The road from Oak Cliff to NFL riches has been rocky for the two most highly rated Dallas ISD recruits in recent history.
Kimball's DeMarcus Granger and Woodrow Wilson's Sergio Kindle went opposite ways on Interstate 35 out of high school. Granger, a defensive tackle considered a top-10 national recruit by many services, was one of the jewels of Oklahoma's 2005 recruiting class. Kindle, a consensus top-five national recruit as a linebacker/running back, was the headliner in Texas' 2006 class.
Their experiences at the rival universities have been somewhat similar: huge expectations, slow starts, embarrassing off-field incidents and significant contributions to elite teams.
While Kindle will be in the spotlight during Saturday's game at the Cotton Bowl, Granger's name probably won't be mentioned during the national television broadcast.
Kindle has found a home at defensive end, developing into an elite pass-rusher who projects as a first-round pick in April's NFL draft. Oklahoma's coaches hope Granger, who is recovering from back surgery and will apply for a medical redshirt, gets a chance to fulfill his potential and achieve his NFL dream.
Kindle, No. 18 on ESPN draft analyst Mel Kiper's Big Board, can smile about the tough times he's endured since arriving at Texas. He's become one of the Big 12's most respected defensive players.
Just ask Oklahoma left tackle Trent Williams, who said this week that Kindle is a bigger threat than Brian Orakpo, whose trophy haul as a UT senior last season included the Lombardi, Nagurski, Hendricks and Big 12 Defensive Player of the Year awards.
It took Kindle two years to break into UT's starting lineup. He was stuck behind an experienced outside linebacker, had his development slowed by a nagging ankle injury as a freshman and was suspended for the first three games of his sophomore season because of a DWI arrest.
That arrest caused a lot of suspicion when Kindle crashed his car into an apartment in the wee hours of the morning in June. He then left the scene before contacting his lawyer. Kindle, who suffered a concussion in the accident, said it was caused by text messaging while driving. He paid for the damages and did not face legal consequences or disciplinary action from the UT football program.
"All the ups and downs, I wouldn't take it back for anything," said Kindle, an honor-roll student on pace to graduate in December with a degree in youth and community studies. "It was a slow process. You have to start from the bottom and work your way up. It takes time.
"It's been four years, and I've been through a lot of learning experiences. They made me who I am today, a better and more mature man."

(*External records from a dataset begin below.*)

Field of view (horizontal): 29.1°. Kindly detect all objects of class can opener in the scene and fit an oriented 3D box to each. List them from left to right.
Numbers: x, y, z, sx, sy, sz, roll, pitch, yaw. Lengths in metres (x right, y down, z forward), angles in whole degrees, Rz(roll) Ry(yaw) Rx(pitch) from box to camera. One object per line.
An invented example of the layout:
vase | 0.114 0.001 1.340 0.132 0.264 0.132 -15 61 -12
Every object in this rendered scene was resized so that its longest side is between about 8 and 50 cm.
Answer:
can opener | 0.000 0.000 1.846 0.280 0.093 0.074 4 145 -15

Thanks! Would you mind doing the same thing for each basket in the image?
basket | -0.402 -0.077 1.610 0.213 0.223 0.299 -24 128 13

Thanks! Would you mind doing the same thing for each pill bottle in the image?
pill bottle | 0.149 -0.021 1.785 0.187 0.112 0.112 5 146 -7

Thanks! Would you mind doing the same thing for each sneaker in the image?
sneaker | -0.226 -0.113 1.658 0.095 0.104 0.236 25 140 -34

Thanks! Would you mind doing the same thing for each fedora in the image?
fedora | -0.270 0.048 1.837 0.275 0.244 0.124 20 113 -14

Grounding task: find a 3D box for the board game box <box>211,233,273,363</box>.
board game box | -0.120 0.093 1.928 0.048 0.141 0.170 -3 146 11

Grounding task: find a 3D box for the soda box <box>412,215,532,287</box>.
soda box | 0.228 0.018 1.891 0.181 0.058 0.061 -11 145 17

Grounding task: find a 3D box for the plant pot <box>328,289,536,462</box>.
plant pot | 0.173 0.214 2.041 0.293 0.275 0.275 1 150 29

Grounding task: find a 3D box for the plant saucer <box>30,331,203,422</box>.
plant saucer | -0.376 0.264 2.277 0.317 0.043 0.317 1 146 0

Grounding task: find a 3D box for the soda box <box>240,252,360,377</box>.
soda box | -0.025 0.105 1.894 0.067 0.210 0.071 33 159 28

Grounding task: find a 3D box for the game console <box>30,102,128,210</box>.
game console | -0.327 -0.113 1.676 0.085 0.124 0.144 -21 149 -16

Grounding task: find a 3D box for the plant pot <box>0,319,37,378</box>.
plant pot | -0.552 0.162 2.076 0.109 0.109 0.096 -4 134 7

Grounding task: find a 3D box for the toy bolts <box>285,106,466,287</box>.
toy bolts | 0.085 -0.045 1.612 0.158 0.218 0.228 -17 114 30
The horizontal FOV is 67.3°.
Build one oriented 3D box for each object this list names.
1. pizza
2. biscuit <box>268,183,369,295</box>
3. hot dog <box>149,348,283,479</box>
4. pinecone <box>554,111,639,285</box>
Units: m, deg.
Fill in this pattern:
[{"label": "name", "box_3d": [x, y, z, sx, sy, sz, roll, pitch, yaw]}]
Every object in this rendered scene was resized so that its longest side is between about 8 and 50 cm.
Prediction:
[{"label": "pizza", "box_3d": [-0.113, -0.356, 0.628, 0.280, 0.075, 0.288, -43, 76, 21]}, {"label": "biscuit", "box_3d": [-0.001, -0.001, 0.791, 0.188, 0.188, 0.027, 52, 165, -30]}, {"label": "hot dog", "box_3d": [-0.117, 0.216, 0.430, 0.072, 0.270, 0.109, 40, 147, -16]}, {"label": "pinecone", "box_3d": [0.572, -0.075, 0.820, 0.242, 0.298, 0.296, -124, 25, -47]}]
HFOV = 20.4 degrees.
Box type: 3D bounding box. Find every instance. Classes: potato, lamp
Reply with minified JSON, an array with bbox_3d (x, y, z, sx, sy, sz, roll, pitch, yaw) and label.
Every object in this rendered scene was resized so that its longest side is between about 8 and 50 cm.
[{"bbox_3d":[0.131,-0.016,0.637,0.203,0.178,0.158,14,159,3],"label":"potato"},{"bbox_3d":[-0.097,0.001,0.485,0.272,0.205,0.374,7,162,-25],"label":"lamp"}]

Granger prefers to say nothing. He declined an interview request through the Oklahoma media relations department.
The 6-foot-2, 327-pound Granger also needed two seasons to become a starter. Although he disappointed coaches by reporting in poor shape before the 2007 season, he was a force for a Big 12 title team that year. He was third on the Sooners with 8.5 tackles for losses, earning second-team All-Big 12 recognition.
However, that season ended in humiliating fashion for Granger. He was sent home from the Fiesta Bowl after being arrested for shoplifting a coat at a mall in Tempe, Ariz.
"The kid just made a mistake and got another chance," said Darrell Jordan, Granger's coach at Kimball. "He's done everything Bob Stoops and the University of Oklahoma has asked of him since."
Granger's career has been derailed by injuries since. He played most of last season with a painful foot injury, coming back earlier than expected to play against Texas. He also battled constant back pain, finally having surgery that forced him to sit out the national championship game.
He tried to come back this season but is still working to regain his explosiveness.
"It's got to be hard to see his teammates out there," Oklahoma defensive coordinator Brent Venables said. "He's been a part of that front for four years and has been a big part of our success since he's been here. To see him going through the mental and physical anguish is tough, but he's had a great attitude and great approach. He wants to finish strong."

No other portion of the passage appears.